だから、あわてて軌道修正を図る。さすがに大飯原発は止められないでいるが、15%案はあきらめてゼロ案に傾く。原子力ムラ人事は国会同意をあきらめ、首相権限での任命という非常手段に訴えざるをえなくなった。それはたしかに乱暴だが、むしろ野田がそれほど追い詰められていた、と理解すべきである。批判が効いたのだ。
 ゼロ案を公表してみると、当然なのだが、経済界や原発立地県、青森県などから猛烈な反発を浴びた。それがまた野田にとって「新たな状況」になる。すると、今度は閣議決定の見送りに舵を切り換える。

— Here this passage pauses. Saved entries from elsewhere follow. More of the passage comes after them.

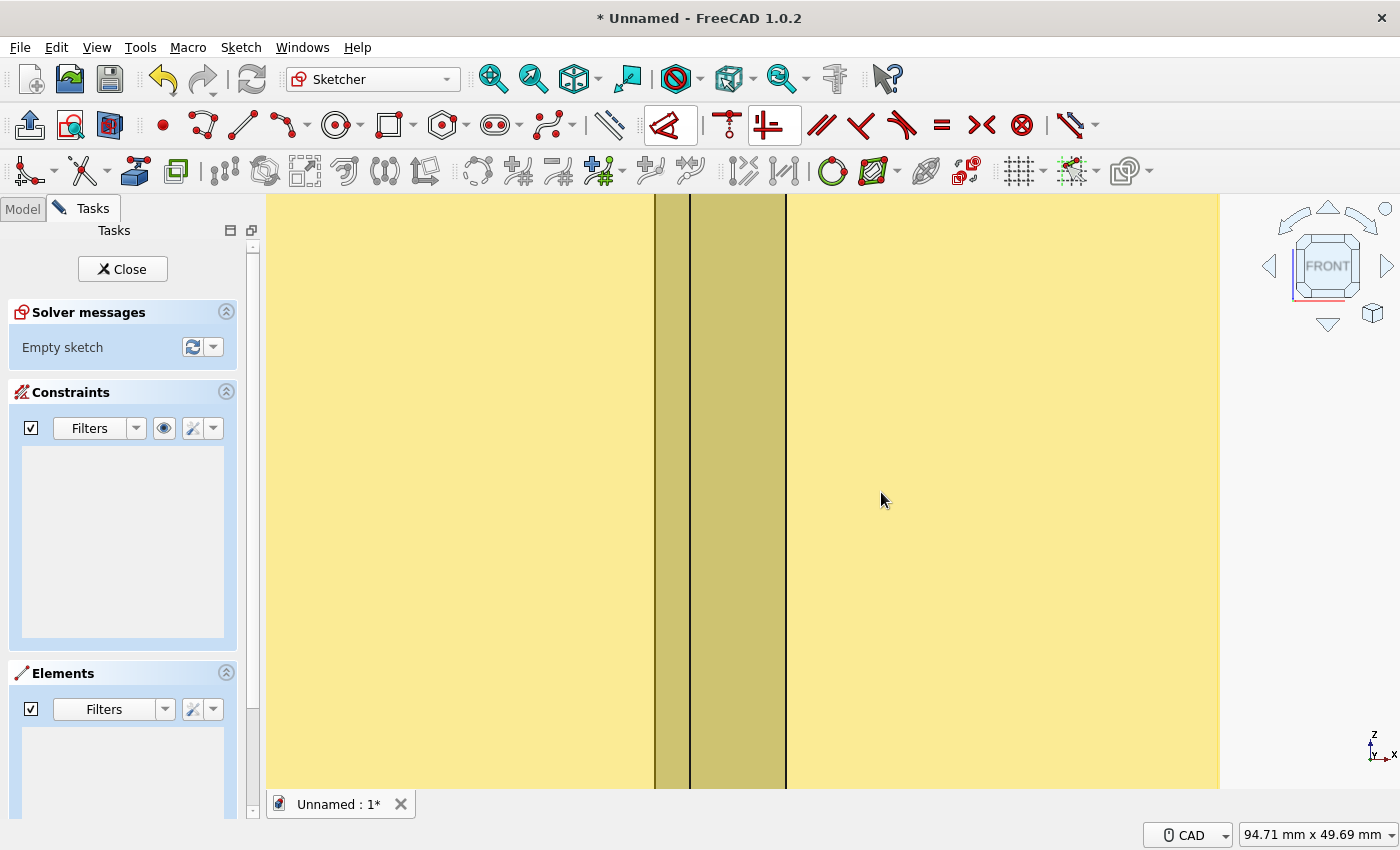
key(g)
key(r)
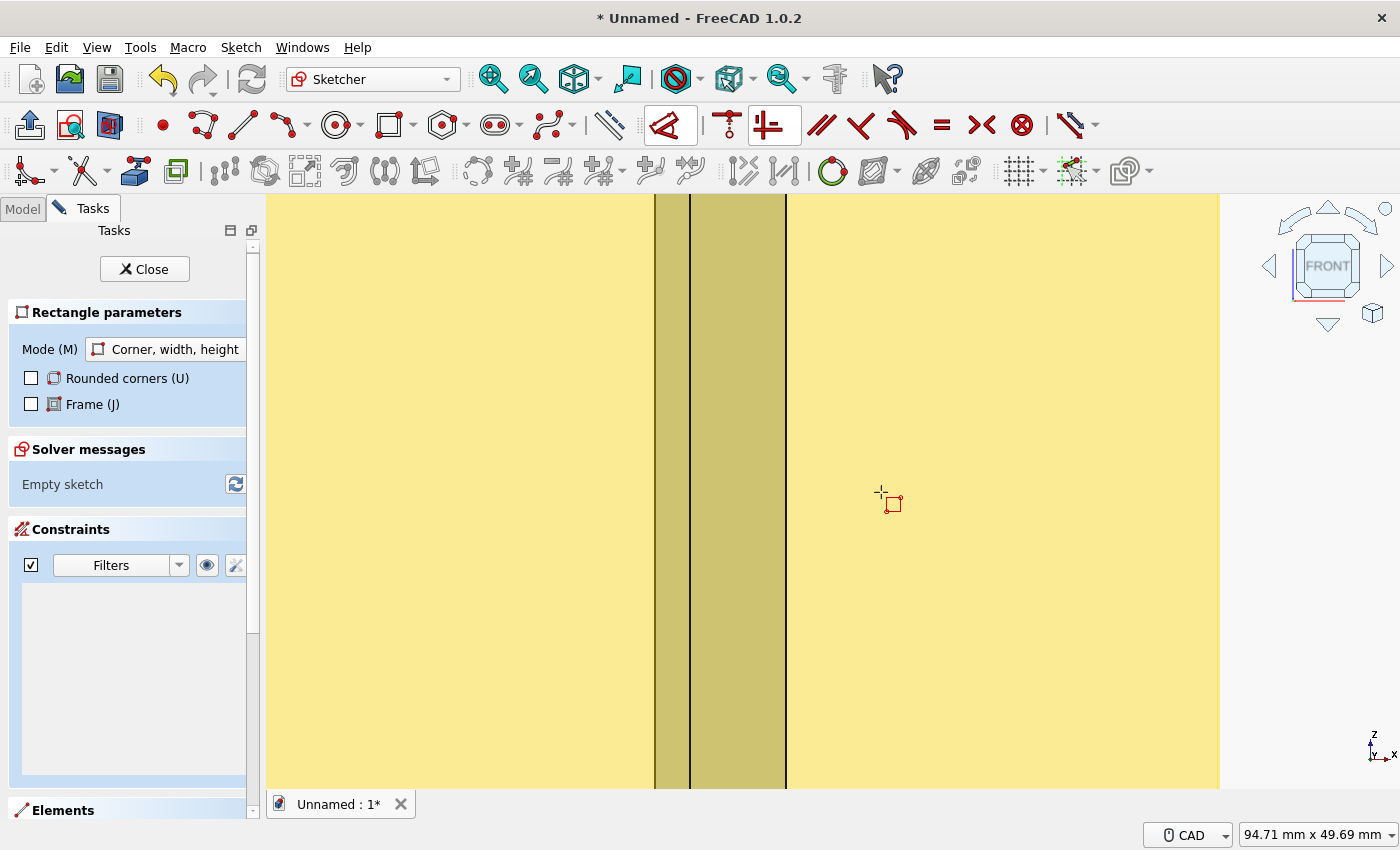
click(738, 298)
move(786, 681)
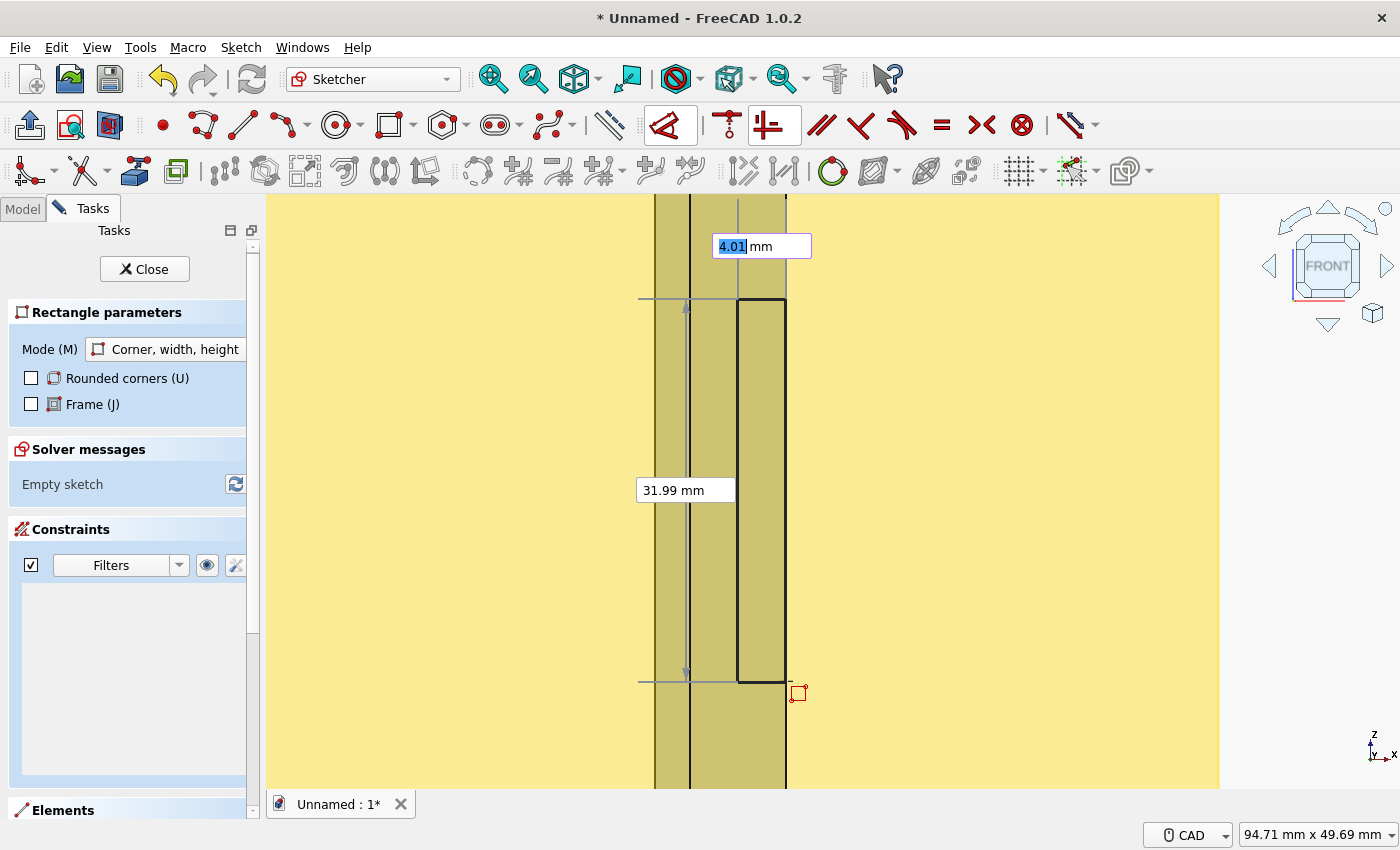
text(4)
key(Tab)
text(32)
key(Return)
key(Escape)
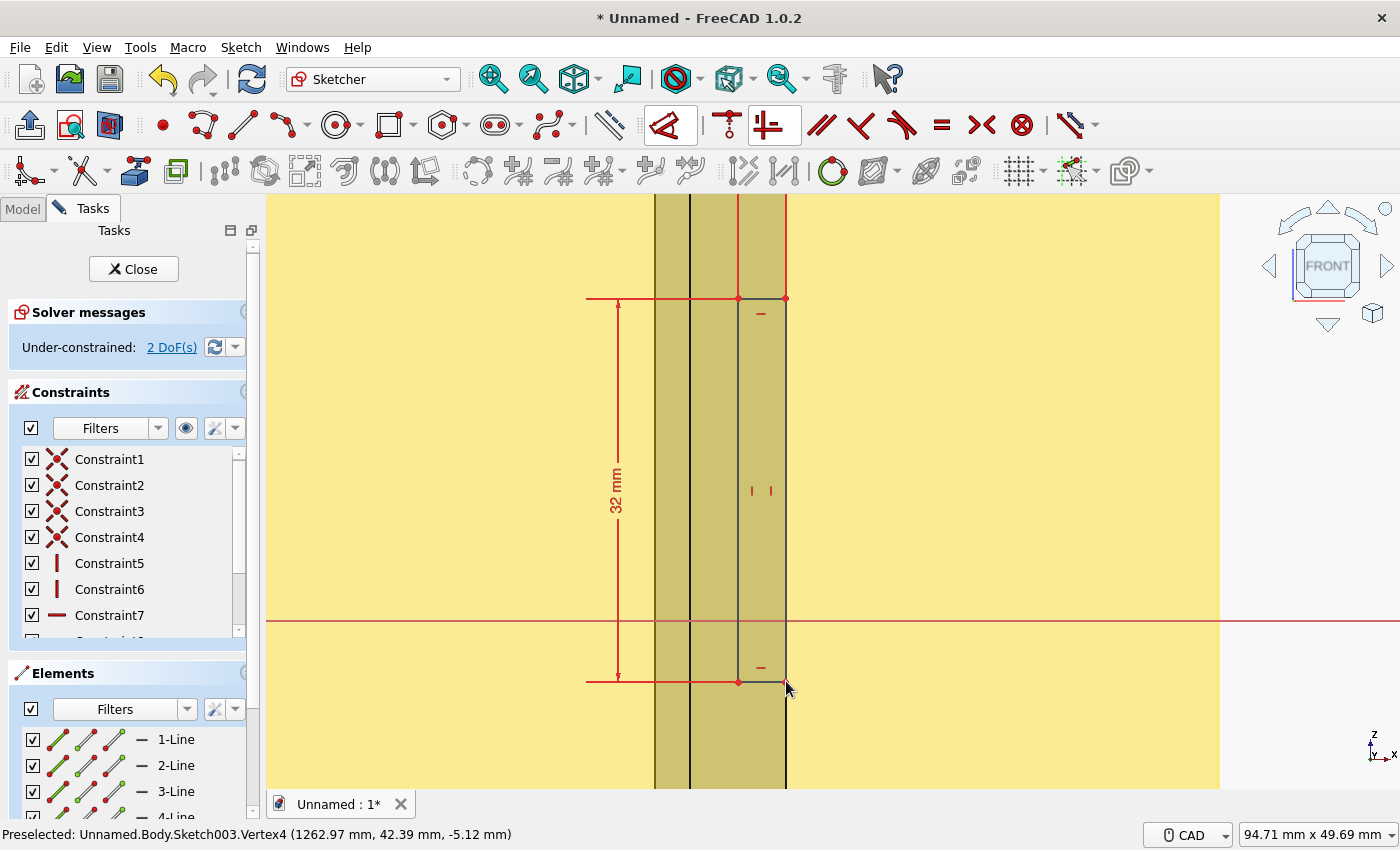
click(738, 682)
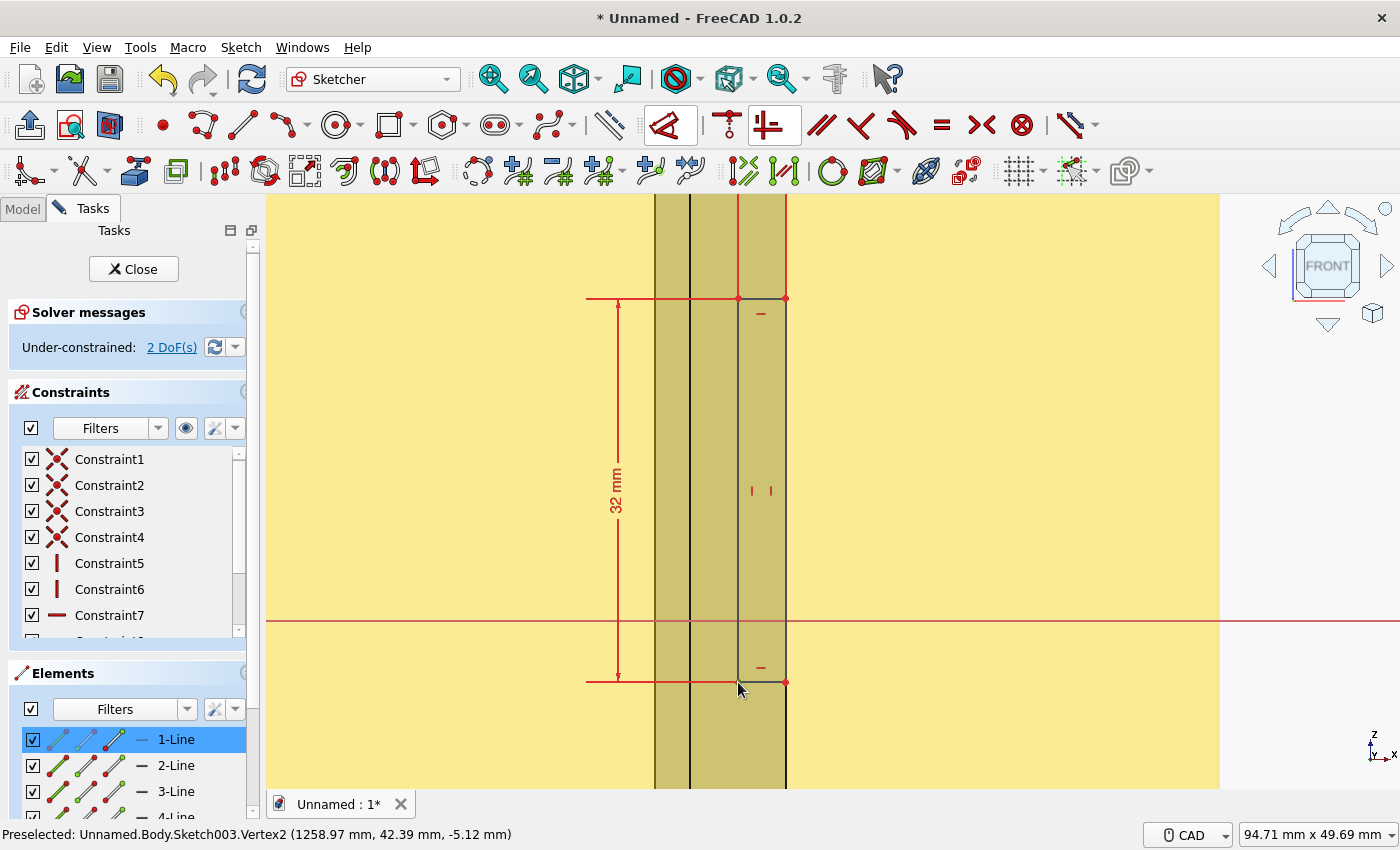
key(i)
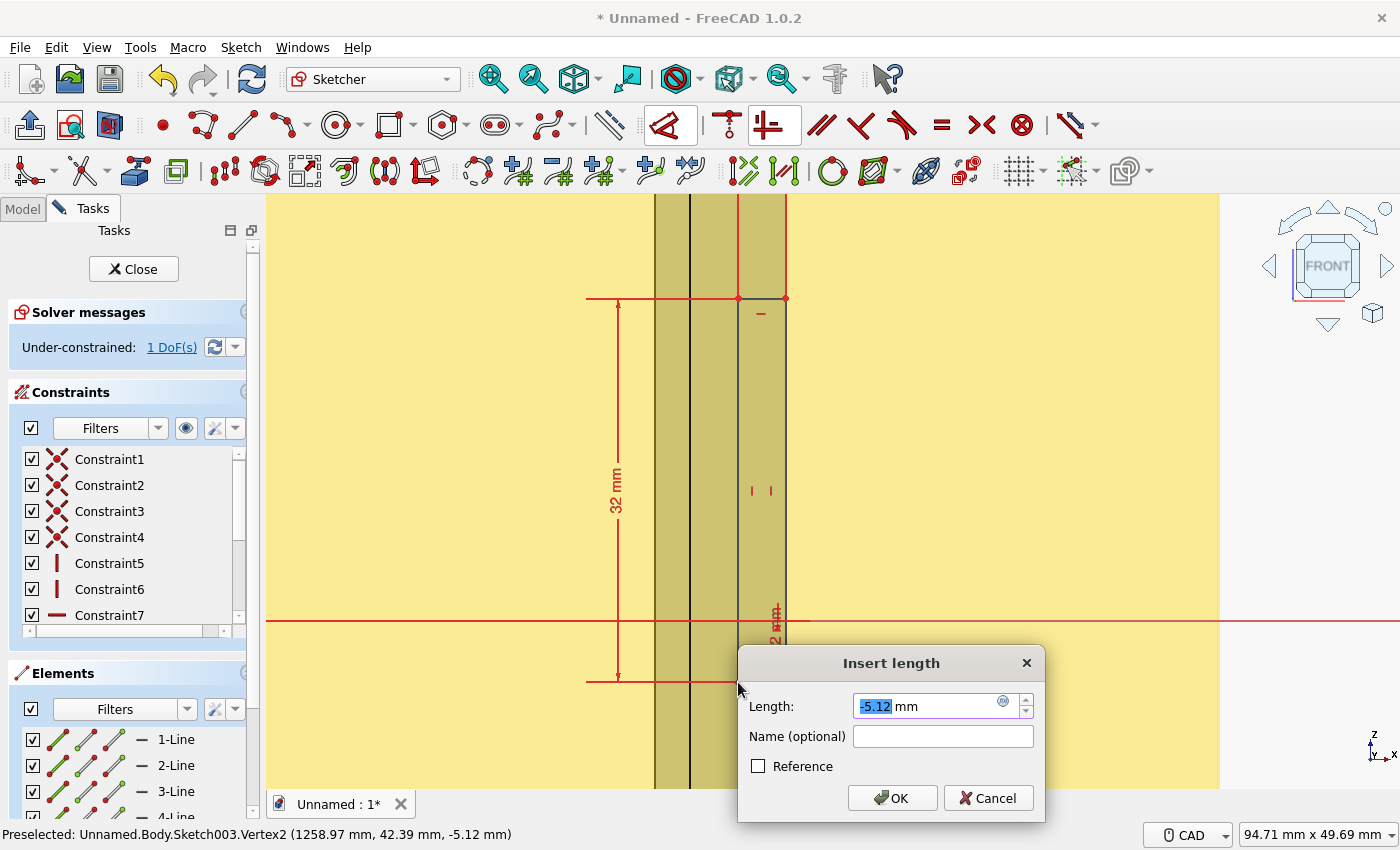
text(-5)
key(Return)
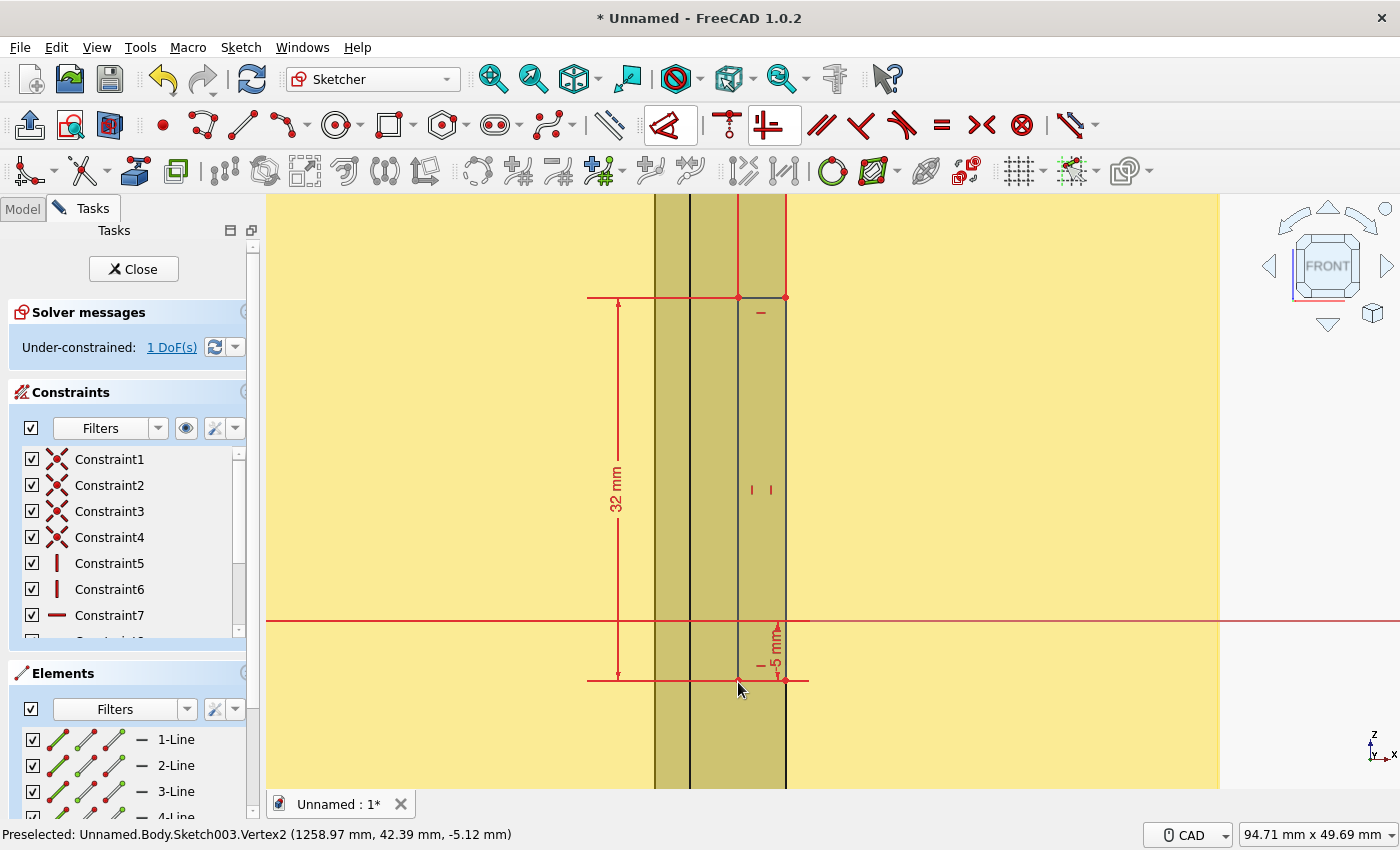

 もう1つ、例を挙げよう。野田は先の番組で12月訪ロ予定について「11月までは次官級、外相級の会談があるので、総理が訪ロするなら12月になる。だから12月訪ロ希望を言った。それと解散時期の話は関係ない」と説明した。これも同じだ。
 プーチン大統領を目の前にして、野田の視野には「日ロ交渉をどう進めるか、という状況」しか入っていない。解散は関係ないのだ。だから12月訪ロという答えがスッと出てくる。ところが、もちろん現実には訪ロだけでなく解散をどうするかという問題がある。
 特例公債法案の成立が見通せないなど政権が行き詰まって解散せざるを得なくなると、今度は解散不可避という「新しい状況」が目に入ってくる。そこでは12月訪ロの約束など、どこかに消え失せてしまうに違いない。そのときは日本人だけでなく、プーチンまでがあっけにとられることだろう。

野田は信念の政治家ではない

 以上のように徹頭徹尾、野田の行動原理を支えているのは、常に目の前の状況である。状況に応じて対応するのが「悪いことだ」とか「信念に反する」といった考えは初めからない。もともと信念など持ち合わせていない。むしろ「状況に応じて柔軟に対応するのが政治家の手腕、力量」と考えているのではないか。
 これに対して、普通の人々は「政治家は信念にしたがって行動し、理想を実現するために政治活動をしている」と思っている。野田のように自信満々で「シロアリ退治」を訴えられると「その通りだ。彼は信念の政治家だ」と勘違いしてしまう。人々は「政治家は信念で活動してほしい」と願っているから、そういう風に演じられると、つい「信念の政治家」と思い込みたくなってしまうのである。
 自分が願うように現実を理解する。これは日本社会のいたるところで見受けられる。日本人の悪い癖だと思う。最近の一例を挙げれば、環太平洋連携協定(TPP)への態度もそうだ。TPP反対論者は野田が昨年、TPP交渉について「参加に向けて協議する」と表明したら「あいまいだ」とか「参加はとんでもない」と批判した。
 日本が「参加に向けて協議する」と表明したところで、相手が参加を認めるとは限らない。当たり前だが、参加できるかどうかは相手次第の面が半分、あるのだ。現に共和党のロムニー大統領候補は交渉が減速する懸念があるので、現段階での日本の参加に反対している。とにかく交渉反対という立場の人はともかく、新聞や識者が野田の言い方をあいまいと批判するのは、自分の都合でしか物事を判断しない視野狭窄である。
 脱線した。
 野田は信念の政治家ではない。そうではなく、その場の状況に対応する政治家だ(こういう人を「政治家」と呼ぶのはためらうが)。その場しのぎの人である。多くの人が「政治家は信念の人」であってほしいと願うのは勝手だが、間違ってはいけない。政治家も人それぞれだ。実績と行動で正しく判断すべきである。
 野田には初めから信念だとか、実現すべき理想のようなものはない。あったとしても、それは「床の間の掛け軸」のようなものだ。あれば格好よく収まりもいいが、別になくても困らない。邪魔になれば、いつでも外す。その程度なのだ。
 そう考えると、野田の政治方針はこれからもコロコロ変わる、とみて間違いないだろう。いまや野田の脱原発路線はほとんど風前の灯火だ。だが、たとえば次の選挙で落選すれば、またまた脱原発を言い始めるかもしれない。あるいは「消費税引き上げは間違っていた」とさえ言うかもしれない。
 こういう政治家が内閣総理大臣にまで昇り詰めた事実に脱力する。しかし、それが日本の現実でもある。